▶ [Assignment]
Check every line below for the string "Units", and copy the lines that contain it.
Start of Information given
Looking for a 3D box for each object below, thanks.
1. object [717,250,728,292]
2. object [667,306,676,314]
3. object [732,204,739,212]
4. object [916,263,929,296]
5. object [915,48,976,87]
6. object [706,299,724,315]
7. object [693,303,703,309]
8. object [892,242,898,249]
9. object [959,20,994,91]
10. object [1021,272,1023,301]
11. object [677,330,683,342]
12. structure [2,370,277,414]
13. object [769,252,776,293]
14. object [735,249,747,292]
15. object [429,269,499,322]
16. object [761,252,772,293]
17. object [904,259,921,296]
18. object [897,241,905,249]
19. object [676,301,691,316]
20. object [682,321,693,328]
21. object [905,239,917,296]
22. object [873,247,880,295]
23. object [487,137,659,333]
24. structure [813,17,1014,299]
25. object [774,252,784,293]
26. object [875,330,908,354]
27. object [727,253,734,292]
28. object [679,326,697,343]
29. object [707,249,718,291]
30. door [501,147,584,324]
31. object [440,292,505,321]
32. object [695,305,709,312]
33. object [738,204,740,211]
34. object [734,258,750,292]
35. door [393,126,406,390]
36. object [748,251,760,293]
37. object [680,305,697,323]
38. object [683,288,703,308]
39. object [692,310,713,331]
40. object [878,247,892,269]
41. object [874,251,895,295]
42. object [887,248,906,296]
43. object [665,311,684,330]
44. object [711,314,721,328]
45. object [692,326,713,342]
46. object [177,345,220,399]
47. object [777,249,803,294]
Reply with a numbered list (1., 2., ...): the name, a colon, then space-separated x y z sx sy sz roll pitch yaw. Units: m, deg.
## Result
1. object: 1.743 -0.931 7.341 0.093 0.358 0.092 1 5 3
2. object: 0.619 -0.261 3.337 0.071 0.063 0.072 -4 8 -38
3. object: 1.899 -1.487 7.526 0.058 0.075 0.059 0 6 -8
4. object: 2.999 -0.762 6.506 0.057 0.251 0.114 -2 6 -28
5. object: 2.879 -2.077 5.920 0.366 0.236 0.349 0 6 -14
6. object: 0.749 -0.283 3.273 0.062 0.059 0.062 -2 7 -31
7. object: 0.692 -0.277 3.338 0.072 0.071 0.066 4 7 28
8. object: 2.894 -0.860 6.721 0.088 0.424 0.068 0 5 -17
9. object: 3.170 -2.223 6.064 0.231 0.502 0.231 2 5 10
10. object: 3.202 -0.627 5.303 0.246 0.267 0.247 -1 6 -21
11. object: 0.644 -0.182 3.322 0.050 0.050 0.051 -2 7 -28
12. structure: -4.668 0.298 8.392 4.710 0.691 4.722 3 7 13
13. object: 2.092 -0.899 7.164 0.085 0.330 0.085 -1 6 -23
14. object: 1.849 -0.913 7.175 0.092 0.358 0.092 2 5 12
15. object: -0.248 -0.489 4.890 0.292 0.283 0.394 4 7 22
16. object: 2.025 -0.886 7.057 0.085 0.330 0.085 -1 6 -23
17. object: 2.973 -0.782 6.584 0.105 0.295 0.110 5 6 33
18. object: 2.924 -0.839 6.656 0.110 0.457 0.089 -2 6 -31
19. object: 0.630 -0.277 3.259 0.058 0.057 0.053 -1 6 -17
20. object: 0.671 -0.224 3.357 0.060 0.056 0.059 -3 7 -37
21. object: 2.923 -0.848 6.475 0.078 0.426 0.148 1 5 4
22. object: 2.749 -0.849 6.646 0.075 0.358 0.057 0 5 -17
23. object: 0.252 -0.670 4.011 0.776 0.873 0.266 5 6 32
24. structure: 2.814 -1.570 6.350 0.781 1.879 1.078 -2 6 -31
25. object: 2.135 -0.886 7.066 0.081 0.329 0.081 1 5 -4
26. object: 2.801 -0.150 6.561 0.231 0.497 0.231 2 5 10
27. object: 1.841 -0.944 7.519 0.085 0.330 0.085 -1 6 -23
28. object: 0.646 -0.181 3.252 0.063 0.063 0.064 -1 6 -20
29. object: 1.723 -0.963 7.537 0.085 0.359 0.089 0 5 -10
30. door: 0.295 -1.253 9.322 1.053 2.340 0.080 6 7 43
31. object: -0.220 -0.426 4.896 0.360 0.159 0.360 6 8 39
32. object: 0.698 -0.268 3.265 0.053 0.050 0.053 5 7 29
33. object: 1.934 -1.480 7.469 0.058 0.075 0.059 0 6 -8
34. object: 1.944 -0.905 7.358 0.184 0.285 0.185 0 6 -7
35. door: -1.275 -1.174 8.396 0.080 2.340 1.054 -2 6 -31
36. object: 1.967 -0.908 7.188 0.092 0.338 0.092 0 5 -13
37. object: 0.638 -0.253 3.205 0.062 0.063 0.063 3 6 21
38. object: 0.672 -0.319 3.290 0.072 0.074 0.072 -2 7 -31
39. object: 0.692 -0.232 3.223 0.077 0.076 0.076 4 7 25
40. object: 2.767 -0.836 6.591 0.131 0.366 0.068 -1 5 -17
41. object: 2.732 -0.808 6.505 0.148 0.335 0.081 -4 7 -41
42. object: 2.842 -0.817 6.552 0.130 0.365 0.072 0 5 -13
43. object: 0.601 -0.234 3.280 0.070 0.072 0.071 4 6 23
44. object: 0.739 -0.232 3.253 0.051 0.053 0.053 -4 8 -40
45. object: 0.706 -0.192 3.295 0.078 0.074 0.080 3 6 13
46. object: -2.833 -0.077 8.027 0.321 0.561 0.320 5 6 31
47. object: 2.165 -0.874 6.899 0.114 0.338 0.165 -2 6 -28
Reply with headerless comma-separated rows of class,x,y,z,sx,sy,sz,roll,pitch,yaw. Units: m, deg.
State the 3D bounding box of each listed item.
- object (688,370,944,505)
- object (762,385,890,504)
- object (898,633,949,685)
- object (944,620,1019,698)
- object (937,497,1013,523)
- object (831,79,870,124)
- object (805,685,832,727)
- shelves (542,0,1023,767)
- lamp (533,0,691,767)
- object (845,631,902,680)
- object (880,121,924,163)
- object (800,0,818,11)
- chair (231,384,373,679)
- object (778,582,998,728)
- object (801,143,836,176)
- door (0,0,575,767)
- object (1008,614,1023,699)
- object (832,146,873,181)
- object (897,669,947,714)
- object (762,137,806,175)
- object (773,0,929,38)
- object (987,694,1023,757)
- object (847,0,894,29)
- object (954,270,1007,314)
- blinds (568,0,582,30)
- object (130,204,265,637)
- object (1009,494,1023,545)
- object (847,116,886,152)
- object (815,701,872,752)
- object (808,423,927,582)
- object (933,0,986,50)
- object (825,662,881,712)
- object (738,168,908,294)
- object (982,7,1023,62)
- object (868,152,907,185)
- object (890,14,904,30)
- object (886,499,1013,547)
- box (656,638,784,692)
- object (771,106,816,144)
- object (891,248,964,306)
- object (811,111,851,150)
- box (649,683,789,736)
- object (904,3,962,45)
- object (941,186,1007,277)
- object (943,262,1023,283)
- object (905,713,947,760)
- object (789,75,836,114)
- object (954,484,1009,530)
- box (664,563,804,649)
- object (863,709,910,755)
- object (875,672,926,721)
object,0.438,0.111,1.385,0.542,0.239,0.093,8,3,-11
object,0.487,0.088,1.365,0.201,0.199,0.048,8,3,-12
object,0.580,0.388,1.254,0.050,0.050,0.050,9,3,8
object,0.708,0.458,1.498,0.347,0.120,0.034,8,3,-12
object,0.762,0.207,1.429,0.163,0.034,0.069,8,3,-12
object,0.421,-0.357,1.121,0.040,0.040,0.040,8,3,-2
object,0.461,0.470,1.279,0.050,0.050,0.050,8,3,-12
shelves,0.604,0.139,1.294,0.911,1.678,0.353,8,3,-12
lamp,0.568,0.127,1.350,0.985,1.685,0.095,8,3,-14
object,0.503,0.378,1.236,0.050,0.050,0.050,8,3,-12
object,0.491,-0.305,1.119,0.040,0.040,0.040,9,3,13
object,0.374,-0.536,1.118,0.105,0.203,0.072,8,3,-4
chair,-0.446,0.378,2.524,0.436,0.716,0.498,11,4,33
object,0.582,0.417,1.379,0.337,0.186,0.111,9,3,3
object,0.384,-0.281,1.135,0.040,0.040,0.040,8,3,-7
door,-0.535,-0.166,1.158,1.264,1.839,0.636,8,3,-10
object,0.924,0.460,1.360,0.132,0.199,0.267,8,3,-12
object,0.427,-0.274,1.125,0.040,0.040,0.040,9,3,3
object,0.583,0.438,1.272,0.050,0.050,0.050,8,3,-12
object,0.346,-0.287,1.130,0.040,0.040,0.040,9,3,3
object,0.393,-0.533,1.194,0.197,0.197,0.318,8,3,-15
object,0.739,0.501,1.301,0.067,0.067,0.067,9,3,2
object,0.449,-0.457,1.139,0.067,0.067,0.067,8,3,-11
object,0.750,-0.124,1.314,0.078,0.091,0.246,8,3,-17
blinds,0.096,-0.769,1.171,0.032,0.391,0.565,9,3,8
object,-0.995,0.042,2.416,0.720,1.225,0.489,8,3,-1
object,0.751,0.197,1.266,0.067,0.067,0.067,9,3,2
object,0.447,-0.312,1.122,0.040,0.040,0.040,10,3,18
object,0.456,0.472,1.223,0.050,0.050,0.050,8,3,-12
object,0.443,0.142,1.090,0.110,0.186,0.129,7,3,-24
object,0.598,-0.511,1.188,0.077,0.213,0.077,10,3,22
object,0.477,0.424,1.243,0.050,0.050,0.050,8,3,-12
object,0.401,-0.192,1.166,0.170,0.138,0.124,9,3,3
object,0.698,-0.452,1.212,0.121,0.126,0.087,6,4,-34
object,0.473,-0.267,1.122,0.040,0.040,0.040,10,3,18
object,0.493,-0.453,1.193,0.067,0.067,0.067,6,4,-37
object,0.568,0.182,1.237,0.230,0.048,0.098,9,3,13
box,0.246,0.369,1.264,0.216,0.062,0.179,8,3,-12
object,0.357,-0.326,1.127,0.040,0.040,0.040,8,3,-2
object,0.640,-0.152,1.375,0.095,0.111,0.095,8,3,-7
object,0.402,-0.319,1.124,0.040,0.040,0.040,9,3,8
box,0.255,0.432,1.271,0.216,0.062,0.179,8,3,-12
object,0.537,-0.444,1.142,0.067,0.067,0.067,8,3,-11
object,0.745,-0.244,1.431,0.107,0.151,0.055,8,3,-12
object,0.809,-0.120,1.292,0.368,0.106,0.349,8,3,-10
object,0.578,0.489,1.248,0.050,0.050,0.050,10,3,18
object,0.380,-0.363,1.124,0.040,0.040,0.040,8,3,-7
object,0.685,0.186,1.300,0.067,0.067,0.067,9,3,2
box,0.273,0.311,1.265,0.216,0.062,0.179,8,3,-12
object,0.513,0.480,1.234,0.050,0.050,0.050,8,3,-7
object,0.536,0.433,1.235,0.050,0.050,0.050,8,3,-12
End of Information given
▶ [Task result]
Reply with a numbered list (1., 2., ...): the name, a colon, then space-separated x y z sx sy sz roll pitch yaw. Units: m, deg.
Reply with headerless comma-separated rows of class,x,y,z,sx,sy,sz,roll,pitch,yaw. Units: m, deg.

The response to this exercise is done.